If we have the equation
$ (a+b)^n = (a+b)\times(a+b)\times(a+b)\times \ldots \times (a+b) $
expanding the right hand side of the above, is the sum of terms in the form $a^n$, $a^{n-1}b$,$a^{n-2}b^2$, $\ldots$, $b^n$. That is $a^{n-1}b^k$ for $k=0,1,\ldots,n$
Now, my textbook states the following
Each term of the form $a^{n-k}b^k$ arises by choosing the variable $b$ from $k$ of the pairs of brackets on the right hand side of the equation and the variable $a$ from the remaining $n-k$ pairs of brackets.

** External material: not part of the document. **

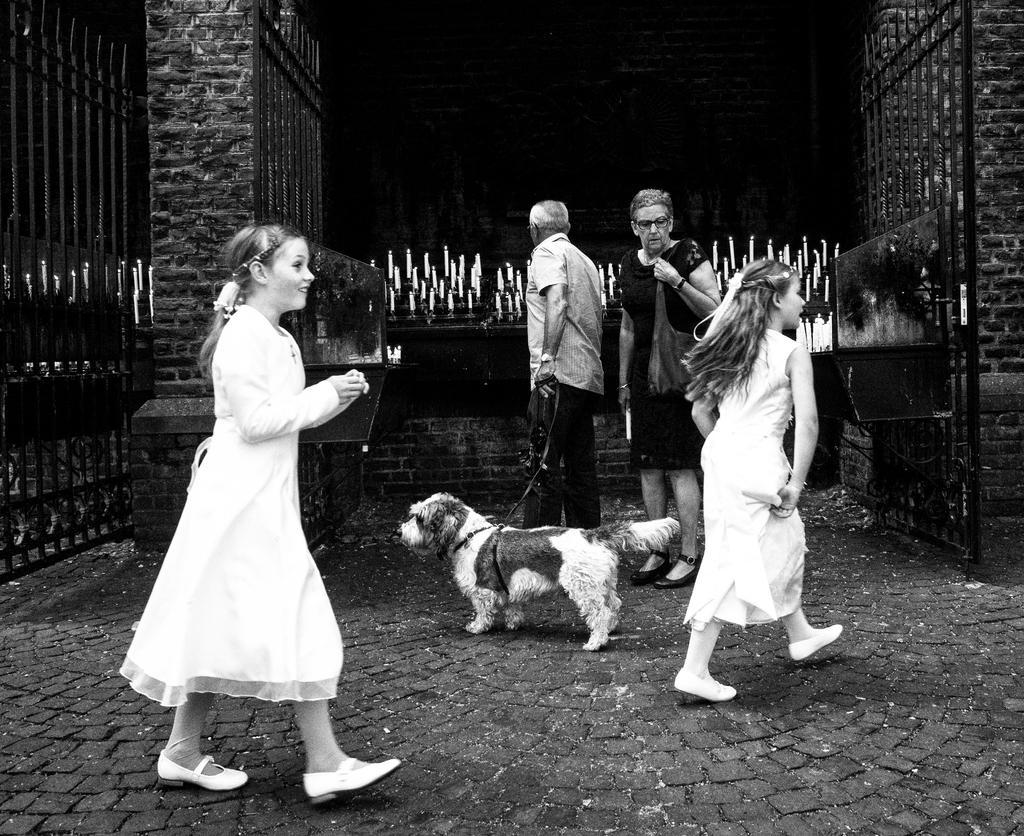Could you give a brief overview of what you see in this image? This is a picture, it is in black and white picture there are two girls in white dress walking on the floor and the man holding the belt of a dog and the women in black dress we're looking to the girl and the background of this people is a wall with bricks.

My question is now, why? There is no proof given for this, and I am struggling to understand why the above holds.For a very simple expansion, where $k=1$ and $n=2$, we have 2 terms of the form $ab$, here its pretty easy to see from
$ (a+b)(a+b) = a(a+b) + b(a+b) = a^2 + b^2 + 2ab $
why the statement in the book holds for this case. But, for bigger ones, such as $(a+b)^3$ i can't see it. I can see that there is 3 ways of choosing one $b$ and two $a$, for the term $a^2b$ when looking at $(a+b)(a+b)(a+b)$, but I cant relate it to the expansion of them, if that makes sense?
To simplify talking about the statement a bit, let $C_i = (a + b)$ for $1\le i \le b$, so $$(a + b)^n = C_1 \times \dots \times C_n.$$ For the case where $n = 3$ and the term $a^2b$:
If we choose $b$ from $C_1$, then we choose $a$ from $C_2$ and $C_3$.
If we choose $b$ from $C_2$, then we choose $a$ from $C_1$ and $C_3$.
If we choose $b$ from $C_3$, then we choose $a$ from $C_1$ and $C_2$.
Thus the coefficient of $a^2b$ is $3 = \binom{3}{1}$.
More generally you should be able to see that a term of $a^{n - k}b^k$ must have taken either $a$ or a $b$ from any term $C_i$. Thus simply follows from $$(a + b)^n = C_1 \times\dots\times C_n = (a + b)[C_1 \times\dots C_{i - 1} \times C_{i + 1} \times C_n]$$ Since each $C_i$ contributes exactly one $a$ or $b$, we end up with exactly $k$ of the choices being $b$ and exactly $n - k$ of the choices being $a$. Since there are $\binom{n}{k}$ ways to choose to either take $b$ or not to take $b$ from each $C_i$, we end up with $\binom{n}{k}$ terms of $a^{n-k}b^k$.